Gus swallowed his Scotch. “Two is a magic number,” he crooned at Memo. “Two makes the world go around.” She smiled slightly, watching Roy.
He tried to eat but felt numbed.
Max just couldn’t stop cackling. Roy felt like busting him one in the snoot.
Gus put his long arm around Memo’s bare shoulders. “I have lots of luck, don’t I, babyface?”
She nodded and sipped her drink.
The lights went on. The m.c. bobbed up from a table he had been sitting at and went into his routine.
“Six hundred I owe to you,” Roy said, throwing Max into another whoop of laughter.
“Forget it, slugger.
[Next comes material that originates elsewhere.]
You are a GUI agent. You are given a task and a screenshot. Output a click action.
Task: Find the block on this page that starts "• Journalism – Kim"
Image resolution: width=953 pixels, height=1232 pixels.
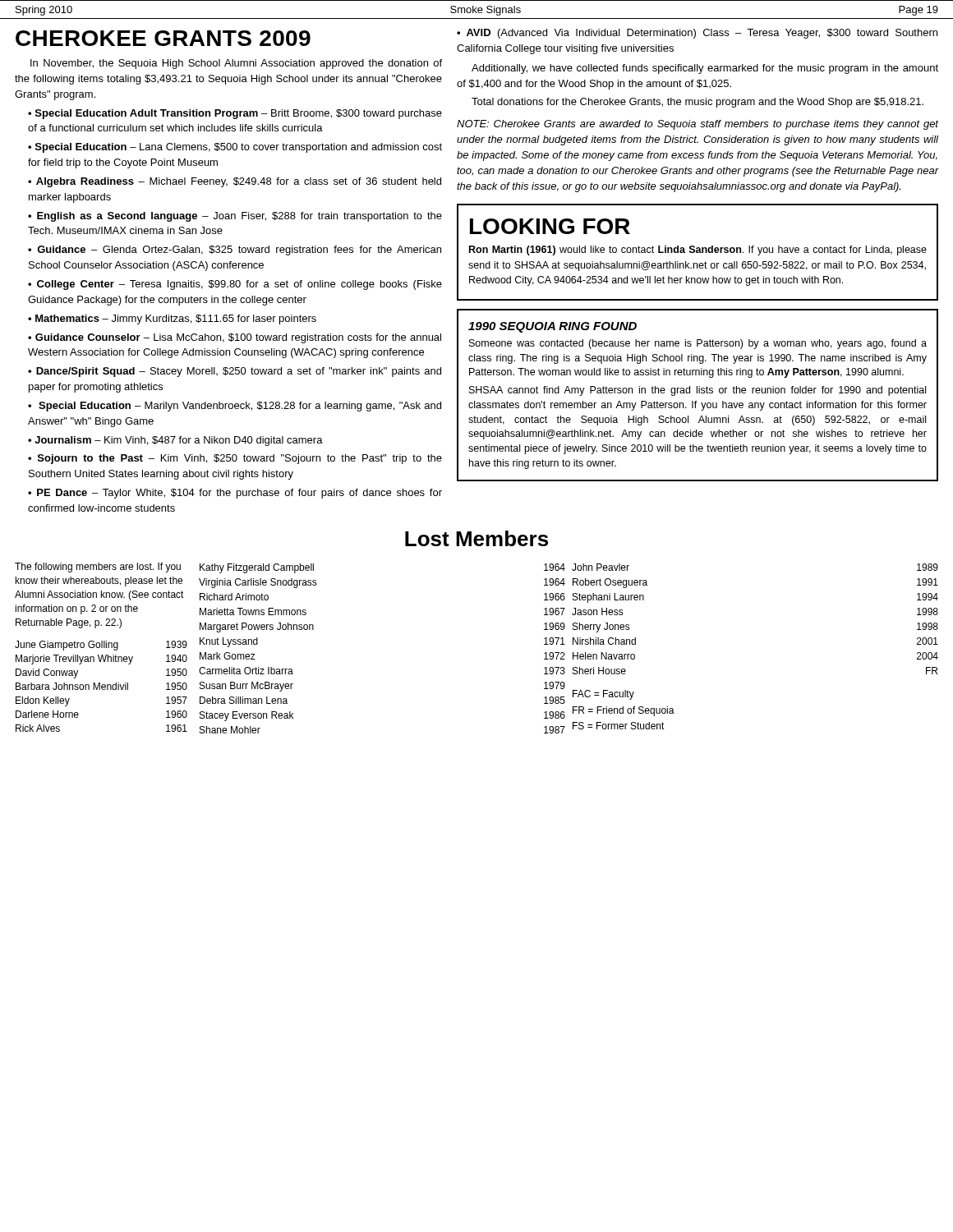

Maybe some day you might be able to do me a favor.”
They were all suddenly silent.
“What kind of favor?” Roy asked.
“When I am down and out you can buy me a cup o’ coffee.”
They laughed, except Roy.
“I’ll pay you now.” He left the table and disappeared. In a few minutes he returned with a white tablecloth over his arm.
Roy flapped out the cloth and one of the spotlights happened to catch it in the air. It turned red, then gold.
“What’s going on?” Max said.
Roy whisked the cloth over Gus’s head.
“The first installment.”
He grabbed the bookie’s nose and yanked. A stream of silver dollars clattered into his plate.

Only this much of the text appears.